**RECORDS SUPPLIED**
##############################
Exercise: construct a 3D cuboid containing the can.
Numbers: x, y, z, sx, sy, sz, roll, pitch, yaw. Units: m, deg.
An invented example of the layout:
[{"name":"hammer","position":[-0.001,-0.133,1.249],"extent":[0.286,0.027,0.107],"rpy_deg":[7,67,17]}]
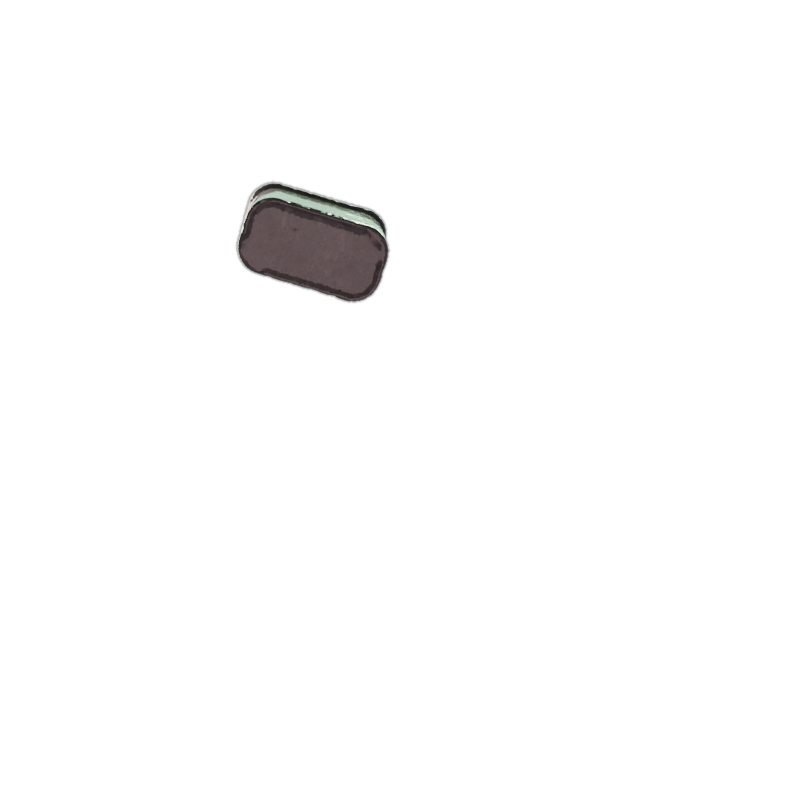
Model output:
[{"name":"can","position":[-0.059,-0.108,0.754],"extent":[0.101,0.056,0.086],"rpy_deg":[16,11,-5]}]
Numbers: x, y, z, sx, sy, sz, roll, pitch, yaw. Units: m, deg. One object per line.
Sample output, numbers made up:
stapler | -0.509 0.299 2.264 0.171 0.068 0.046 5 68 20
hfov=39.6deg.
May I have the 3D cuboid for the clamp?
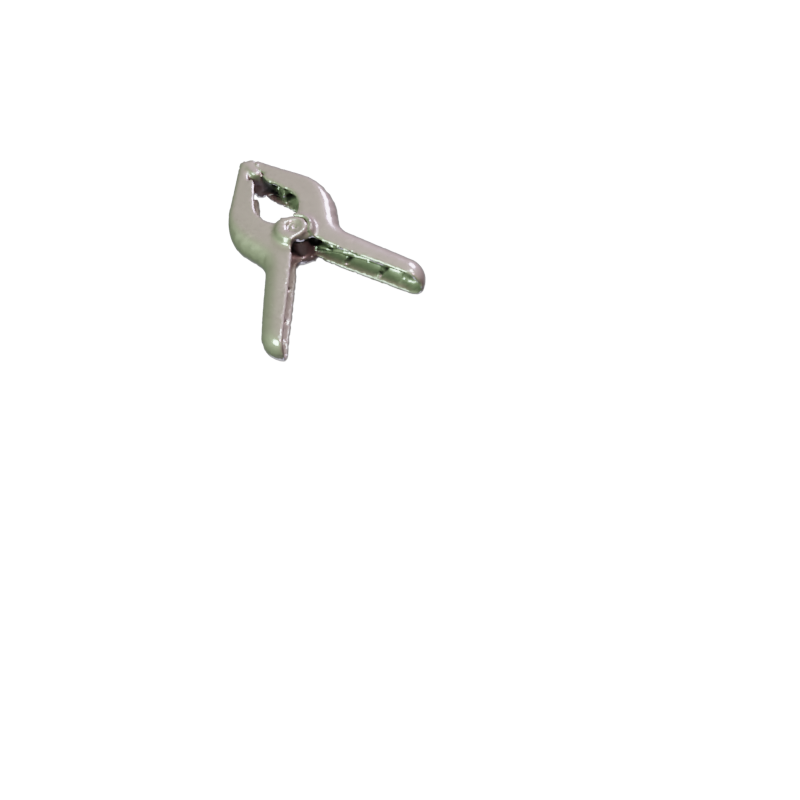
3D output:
clamp | -0.062 -0.112 0.787 0.119 0.185 0.037 -17 -35 -12
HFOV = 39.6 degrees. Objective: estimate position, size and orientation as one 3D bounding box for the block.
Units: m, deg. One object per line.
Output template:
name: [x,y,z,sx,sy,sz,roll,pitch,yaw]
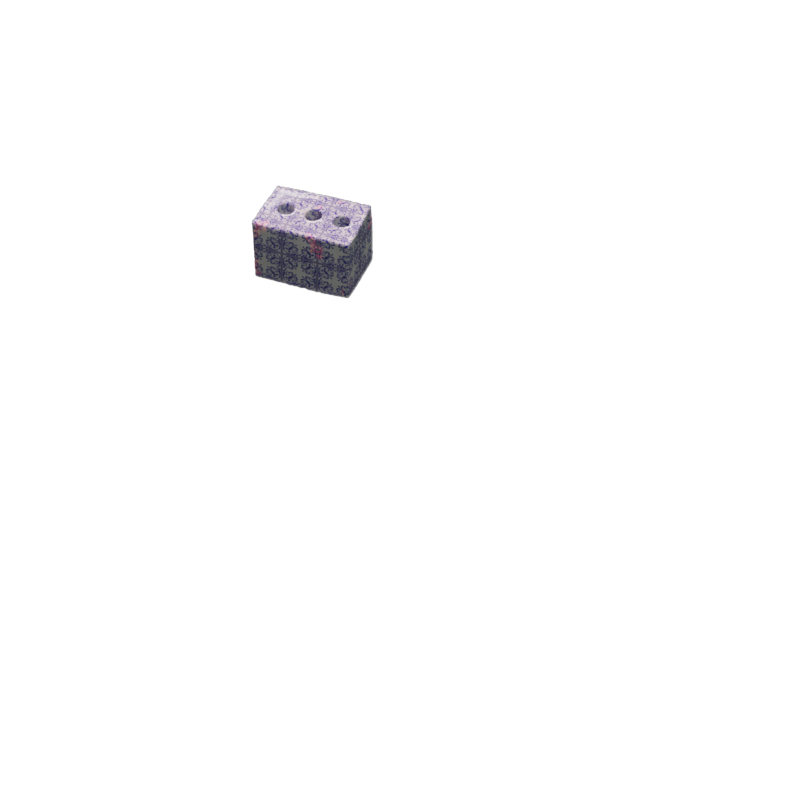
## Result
block: [-0.064,-0.117,0.823,0.080,0.048,0.055,14,43,14]
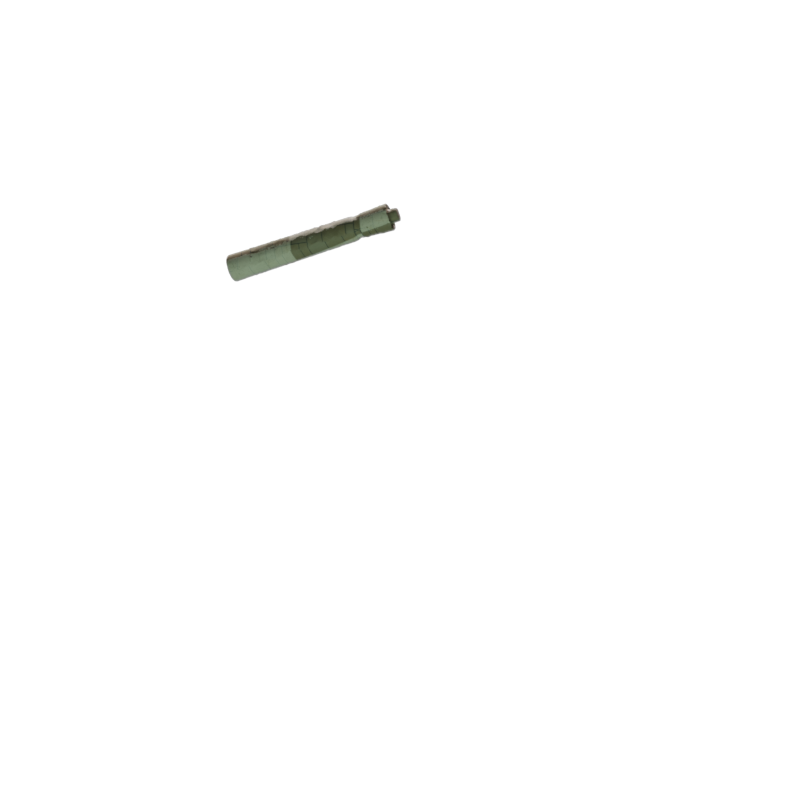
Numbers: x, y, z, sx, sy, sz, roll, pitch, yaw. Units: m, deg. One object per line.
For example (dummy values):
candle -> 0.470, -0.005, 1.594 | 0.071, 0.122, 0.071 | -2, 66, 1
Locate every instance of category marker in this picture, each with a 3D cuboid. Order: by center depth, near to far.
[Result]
marker -> -0.058, -0.105, 0.739 | 0.122, 0.020, 0.019 | -16, 0, 14
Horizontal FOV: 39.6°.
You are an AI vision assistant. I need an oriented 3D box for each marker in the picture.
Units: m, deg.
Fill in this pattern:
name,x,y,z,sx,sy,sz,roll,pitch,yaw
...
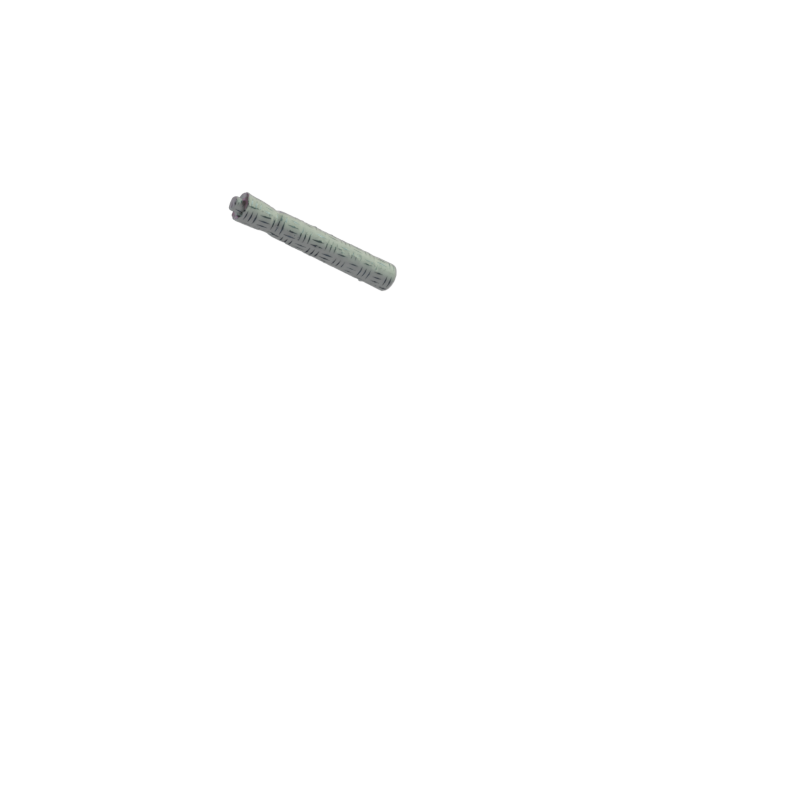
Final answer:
name,x,y,z,sx,sy,sz,roll,pitch,yaw
marker,-0.054,-0.099,0.690,0.115,0.020,0.020,23,-8,-29
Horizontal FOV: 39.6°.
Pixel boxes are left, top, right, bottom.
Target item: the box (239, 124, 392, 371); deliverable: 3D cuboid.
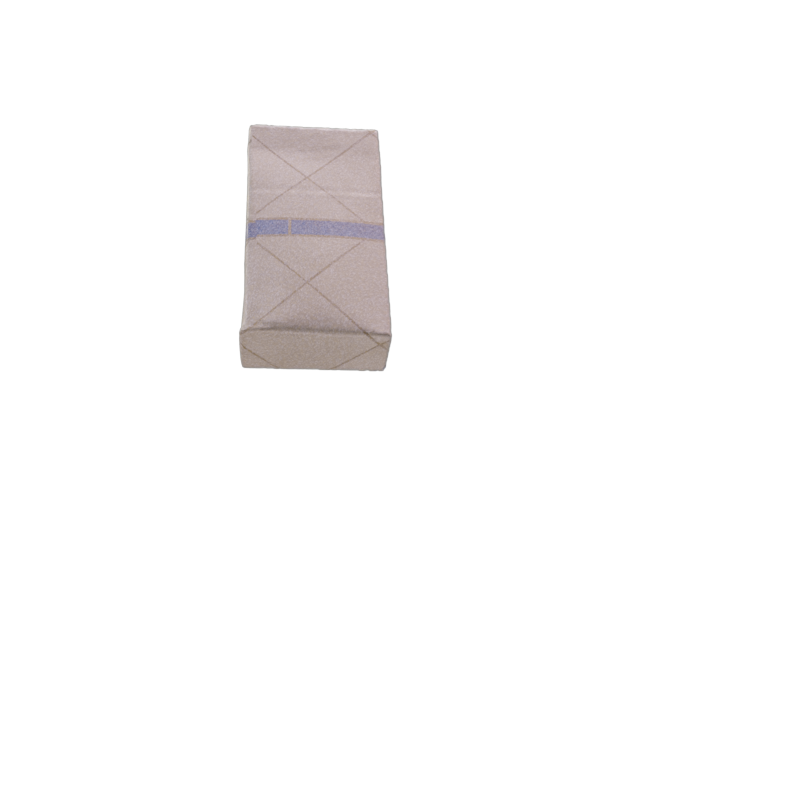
[{"bbox_3d":[-0.057,-0.104,0.731,0.093,0.189,0.045,1,-38,-5],"label":"box"}]
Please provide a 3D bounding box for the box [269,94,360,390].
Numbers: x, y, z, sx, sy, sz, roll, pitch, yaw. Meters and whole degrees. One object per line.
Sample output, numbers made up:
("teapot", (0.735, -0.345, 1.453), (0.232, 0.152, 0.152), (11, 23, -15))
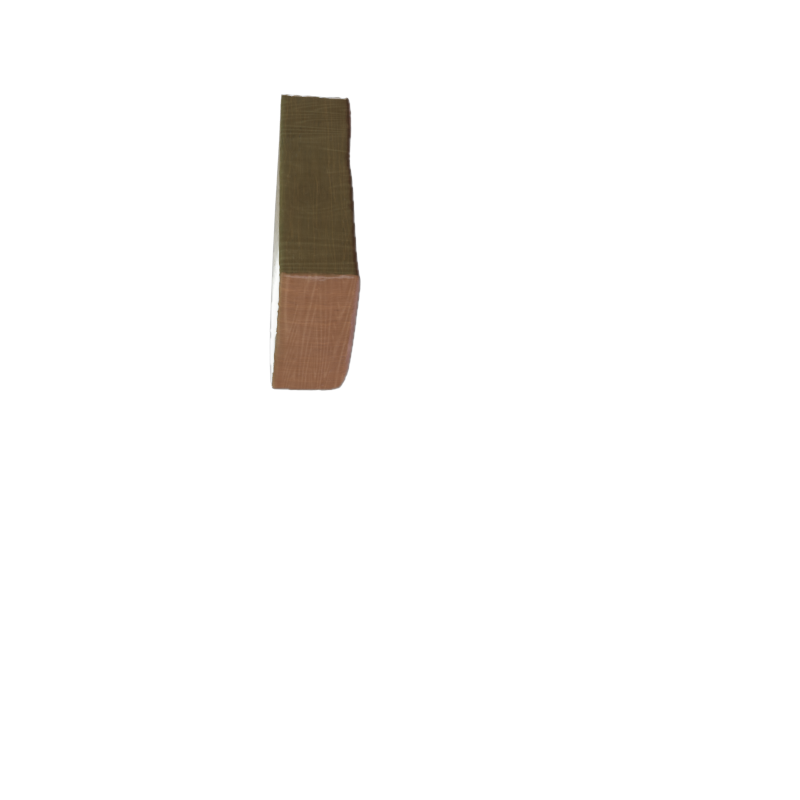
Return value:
("box", (-0.077, -0.141, 0.987), (0.071, 0.229, 0.154), (2, -38, -7))
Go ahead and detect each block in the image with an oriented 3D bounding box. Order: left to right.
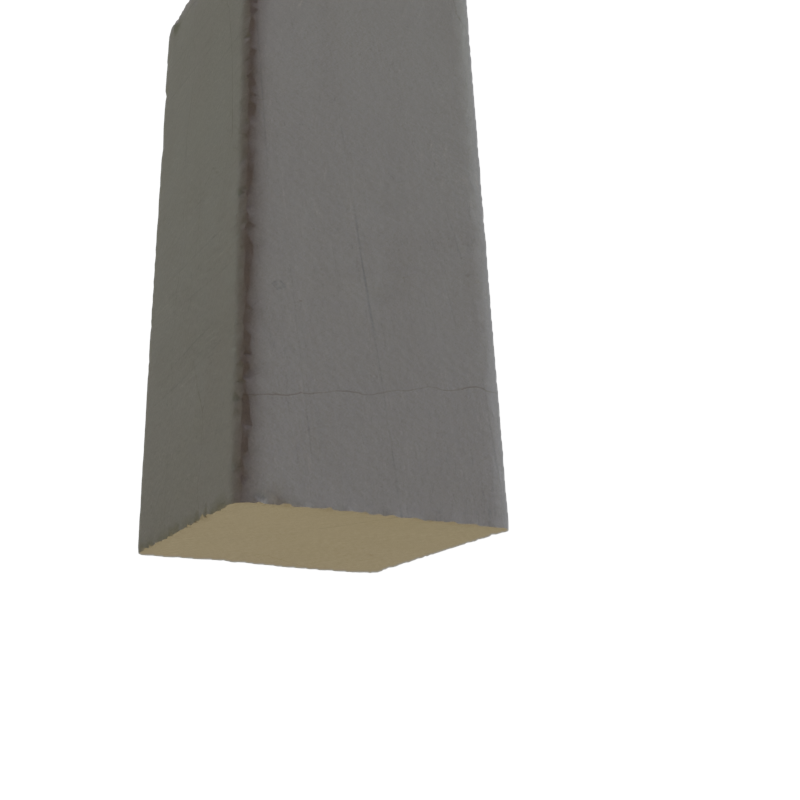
[{"bbox_3d":[-0.031,-0.055,0.386,0.087,0.218,0.089,10,-26,-26],"label":"block"}]
##############################
**ASSIGNMENT**
Print only the lines from the first line of the data above through the one containing "For example (dummy", exactly as they are, with pictures omitted.

**TASK ANSWER**
Exercise: construct a 3D cuboid containing the can.
Numbers: x, y, z, sx, sy, sz, roll, pitch, yaw. Units: m, deg.
An invented example of the layout:
[{"name":"hammer","position":[-0.001,-0.133,1.249],"extent":[0.286,0.027,0.107],"rpy_deg":[7,67,17]}]
Model output:
[{"name":"can","position":[-0.059,-0.108,0.754],"extent":[0.101,0.056,0.086],"rpy_deg":[16,11,-5]}]
Numbers: x, y, z, sx, sy, sz, roll, pitch, yaw. Units: m, deg. One object per line.
Sample output, numbers made up:
stapler | -0.509 0.299 2.264 0.171 0.068 0.046 5 68 20
hfov=39.6deg.
May I have the 3D cuboid for the clamp?
3D output:
clamp | -0.062 -0.112 0.787 0.119 0.185 0.037 -17 -35 -12
HFOV = 39.6 degrees. Objective: estimate position, size and orientation as one 3D bounding box for the block.
Units: m, deg. One object per line.
Output template:
name: [x,y,z,sx,sy,sz,roll,pitch,yaw]
## Result
block: [-0.064,-0.117,0.823,0.080,0.048,0.055,14,43,14]
Numbers: x, y, z, sx, sy, sz, roll, pitch, yaw. Units: m, deg. One object per line.
For example (dummy values):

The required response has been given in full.